> Task: Search the records for the word "roll" and copy every line in which it occurs.

> Exercise materials:
↓
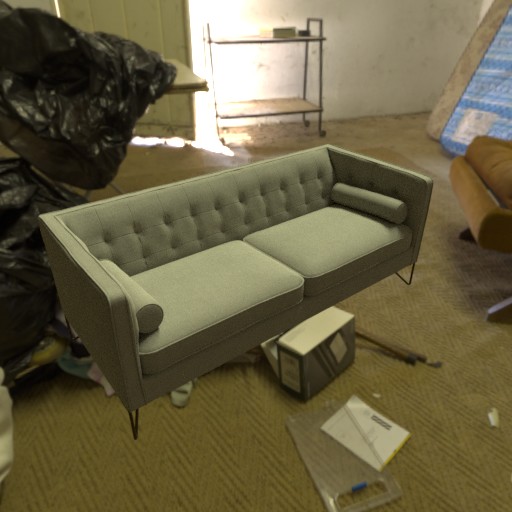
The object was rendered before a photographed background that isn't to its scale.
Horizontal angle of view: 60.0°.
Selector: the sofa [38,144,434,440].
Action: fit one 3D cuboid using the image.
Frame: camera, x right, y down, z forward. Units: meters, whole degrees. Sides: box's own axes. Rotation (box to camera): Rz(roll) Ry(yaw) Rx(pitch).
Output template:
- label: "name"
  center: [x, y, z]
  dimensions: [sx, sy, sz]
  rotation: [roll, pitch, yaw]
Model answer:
↑
> Solution to the problem:
Frame: camera, x right, y down, z forward. Units: meters, whole degrees. Sides: box's own axes. Rotation (box to camera): Rz(roll) Ry(yaw) Rx(pitch).
  rotation: [roll, pitch, yaw]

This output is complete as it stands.